We're releasing CortexBench and our first Visual Cortex model: VC-1. CortexBench is a collection of 17 different EAI tasks spanning locomotion, navigation, dexterous and mobile manipulation. We performed the largest and most comprehensive empirical study of pre-trained visual representations (PVRs) for Embodied AI (EAI), and find that none of the existing PVRs perform well across all tasks. Next, we trained VC-1 on a combination of over 4,000 hours of egocentric videos from 7 different sources and ImageNet, totaling over 5.6 million images.
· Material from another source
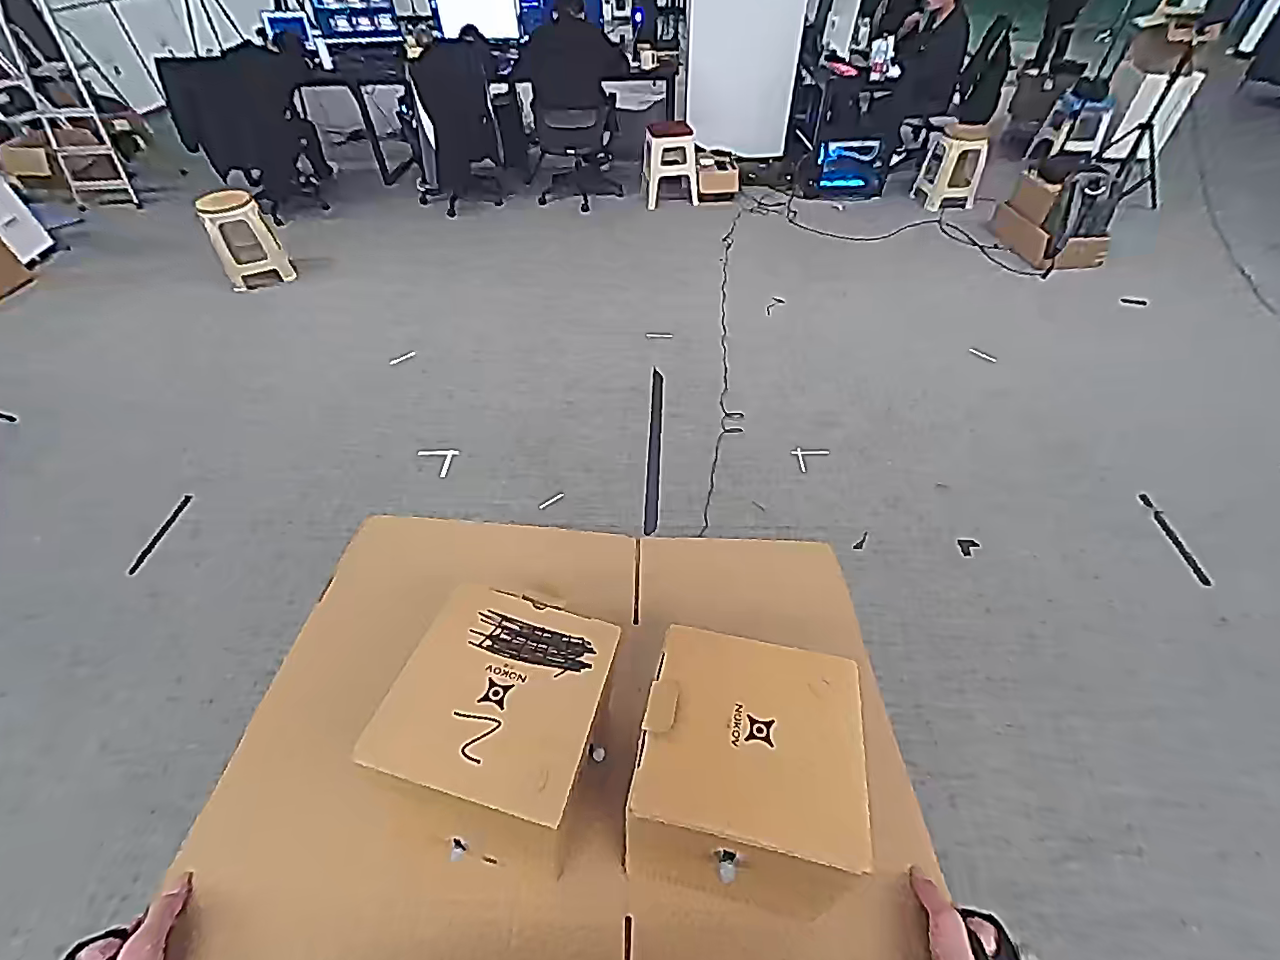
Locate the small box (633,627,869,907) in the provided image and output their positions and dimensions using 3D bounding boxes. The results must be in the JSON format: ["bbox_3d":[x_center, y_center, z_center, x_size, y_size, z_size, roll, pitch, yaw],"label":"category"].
[{"bbox_3d":[0.097,0.268,0.506,0.179,0.176,0.168,9,43,10],"label":"small box"}]

We show that when adapting VC-1 (through task-specific losses or a small amount of in-domain data), VC-1 is competitive with or outperforms state of the art on all benchmark tasks.

## Open-Sourced Models
We're open-sourcing two visual cortex models ([model cards](./MODEL_CARD.md)):
* VC-1 (ViT-L): Our best model, uses a ViT-L backbone, also known simply as `VC-1` | [Download](https://dl.fbaipublicfiles.com/eai-vc/vc1_vitl.pth)
* VC-1-base (VIT-B): pre-trained on the same data as VC-1 but with a smaller backbone (ViT-B) | [Download](https://dl.fbaipublicfiles.com/eai-vc/vc1_vitb.pth)

## Installation

To install our visual cortex models and CortexBench, please follow the instructions in [INSTALLATION.md](INSTALLATION.md).

## Directory structure

- `vc_models`: contains config files for visual cortex models, the model loading code and, as well as some project utilities.
    - See [README](./vc_models/README.md) for more details.
- `cortexbench`: embodied AI downstream tasks to evaluate pre-trained representations.
- `third_party`: Third party submodules which aren't expected to change often.
- `data`: Gitignored directory, needs to be created by the user. Is used by some downstream tasks to find (symlinks to) datasets, models, etc.

## Load VC-1 

To use the VC-1 model, you can install the `vc_models` module with pip. Then, you can load the model with code such as the following or follow [our tutorial](./tutorial/tutorial_vc.ipynb):
```python
import vc_models
from vc_models.models.vit import model_utils

model,embd_size,model_transforms,model_info = model_utils.load_model(model_utils.VC1_LARGE_NAME)
# To use the smaller VC-1-base model use model_utils.VC1_BASE_NAME.

# The img loaded should be Bx3x250x250
img = your_function_here ...

# Output will be of size Bx3x224x224
transformed_img = model_transforms(img)
# Embedding will be 1x768
embedding = model(transformed_img)
```

## Reproducing Results with VC-1 Model
To reproduce the results with the VC-1 model, please follow the README instructions for each of the benchmarks in [`cortexbench`](./cortexbench/).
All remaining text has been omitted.